Symposium on J. Morhan Kousser's Colorblind Injustice: Minority Voting Rights
and the Undoing of the Second Reconstruction (University of North Carolina Press, 1999)

The often kind and always interesting comments of Larry Griffin, David James, and Bradley Palmquist touch different aspects of Colorblind Injustice. Let me respond to them, in effect, in chronological order, according to which periods of history illuminate the comments the most.

Palmquist points out that institutions like the Supreme Court may suddenly reverse their decisions, as the Court did in the “switch in time that saved nine” after FDR had proposed to pack the body in 1937, or as it overturned [End Page 443] Plessy v. Ferguson (1896) in Brown v. Board of Education (1954). But as the Brown example suggests, it often takes a long time to overturn precedents, and that is the case with minority voting rights, as well. It was 25 years after Richard Nixon’s “southern strategy,” 24 years after Earl Warren ceased to be Chief Justice, and 23 years after Nixon proposed to water down the Voting Rights Act before the overwhelmingly Republican Supreme Court dared to seriously undermine African American and Latino political rights. Even then, they hesitated to attack the Voting Rights Act itself directly. Major institutions are tough in two senses: their policies often have large impacts, and the institutions, including those as tiny as the nine-member Supreme Court, are difficult to change.

Palmquist also calls for clarification about the connection between political stability and policy changes that affect minority groups and, more generally, about the interactions between political and policy changes. These are complicated matters, but let me add to what I said in my introduction in this volume. Large policy changes—for example, the Thirteenth, Fourteenth, and Fifteenth Amendments; the massive expansion of the American national regulatory/welfare state during the New Deal; and the assault on segregation and discrimination during the 1960s—require overwhelming partisan majorities in Congress, though not necessarily of members whose constituents elected them to impose exactly those policy mandates. A great deal of voting is retrospective and negative—a rejection, for example, of the slavocracy, the soulless engineer of the Great Depression, or the Goldwater extremists. So much is uncontroversial. I wish to emphasize here the importance for discrete and insular minorities of what Thomas Kuhn (1962) called the periods of “normal science,” not of his more famous formulation of “paradigm shifts.” It was in these nonrevolutionary periods that African Americans lost the vote and later expanded their political power.
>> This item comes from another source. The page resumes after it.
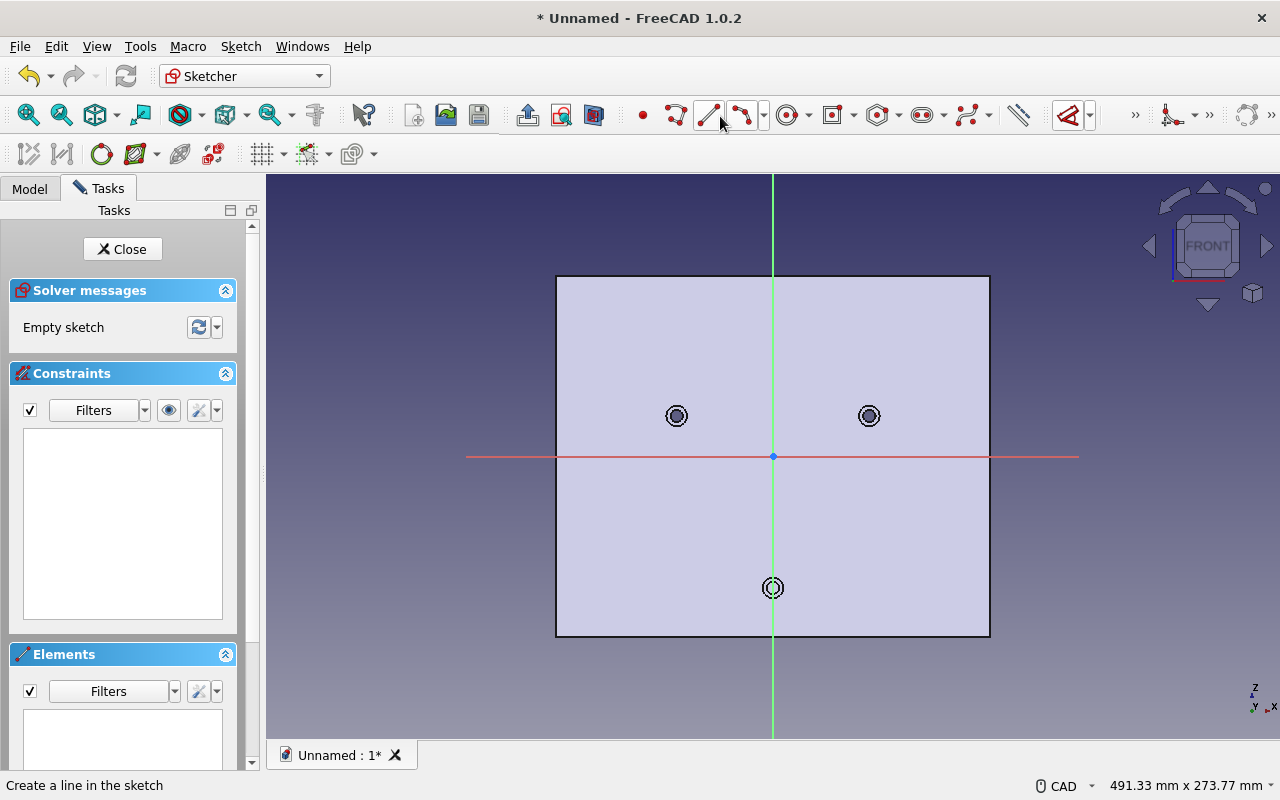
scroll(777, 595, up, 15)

And what is necessary to preserve and enhance the gains of minorities in those critical, but often overlooked periods is slow turnover in the people who serve in those authoritative institutions and a willingness on their part to make incremental changes as they learn by doing and respond to incentives to cooperate with partisan opponents on issues that are not essential to their constituents. Other things being equal, minority groups should prefer legislatures that are characterized by longevity and logrolling.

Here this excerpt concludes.